Hessian-Vector Products

A full Hessian has $n^2$ entries. For large $n$ , this is often impossible to store.

Many algorithms only need a Hessian-vector product:

H_f(x)v

This measures how the gradient changes in direction $v$ .

There is a useful identity:

H_f(x)v = \frac{d}{d\epsilon} \nabla f(x + \epsilon v) \bigg|_{\epsilon = 0}

So a Hessian-vector product is the directional derivative of the gradient.

AD systems can compute this efficiently by combining modes. One common strategy is forward-over-reverse:

Use reverse mode to define the gradient computation.
Use forward mode through that gradient computation to obtain the directional derivative.

This avoids explicitly forming the Hessian.

Hessian as Jacobian of the Gradient

The Hessian is the Jacobian of the gradient.

For

f : \mathbb{R}^n \to \mathbb{R}

the gradient is a vector-valued function:

\nabla f : \mathbb{R}^n \to \mathbb{R}^n

The Jacobian of this gradient function is the Hessian:

J_{\nabla f}(x) = H_f(x)

This viewpoint is useful in AD because higher-order differentiation can be built by differentiating derivative programs.

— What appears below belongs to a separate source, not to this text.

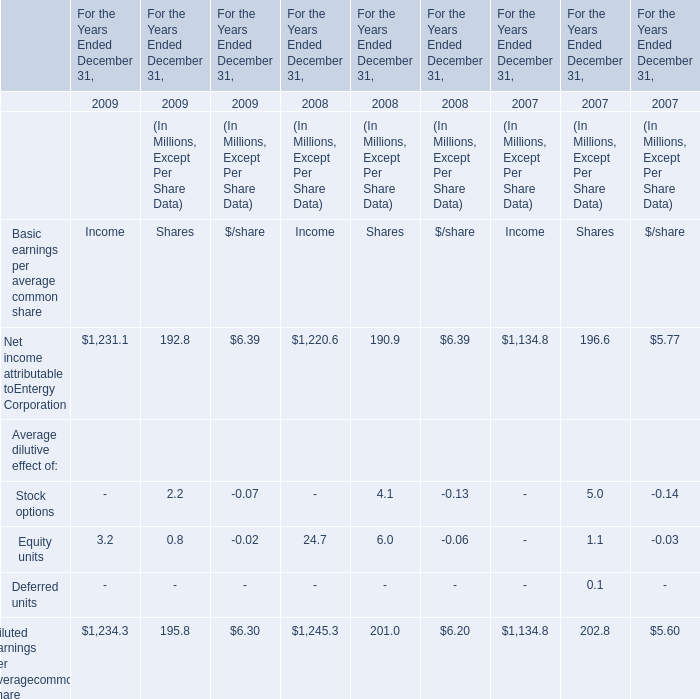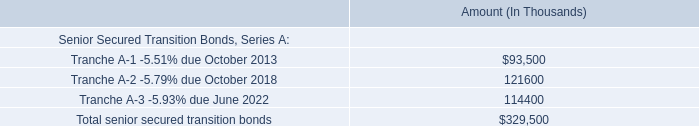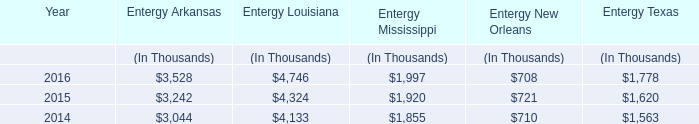What is the sum of Net income attributable to Entergy Corporation in the range of 7 and 1232 in 2009? (in million) 
Computations: (1231.1 + 192.8)
Answer: 1423.9.

A first AD transform gives a gradient program. A second AD transform can differentiate that gradient program.

Explicit Matrices vs Products

AD users often ask for gradients, Jacobians, or Hessians. AD systems internally prefer products.

Desired object	Size	Often computed as
Gradient	$n$	reverse mode with scalar seed
Full Jacobian	$mn$	repeated JVPs or repeated VJPs
Full Hessian	$n^2$	repeated Hessian-vector products
JVP	$m$	forward mode
VJP	$n$	reverse mode
HVP	$n$	mixed-mode AD

This distinction is important. A full matrix may be conceptually simple but computationally unsuitable. Matrix-free products often give the same information needed by optimization and simulation algorithms at far lower cost.

Practical Meaning for AD

The Jacobian and Hessian are not special symbolic objects inside most AD systems. They are derivative computations obtained from repeated or nested applications of local rules.

A Jacobian arises from first-order sensitivity of vector outputs with respect to vector inputs. A Hessian arises from second-order sensitivity of a scalar output with respect to vector inputs.

The implementation question is usually:

Which derivative product does the user need?

That question leads directly to the right AD mode. Forward mode gives JVPs. Reverse mode gives VJPs. Mixed-mode AD gives second-order products such as Hessian-vector products. Full Jacobians and Hessians are then built only when their explicit entries are truly needed.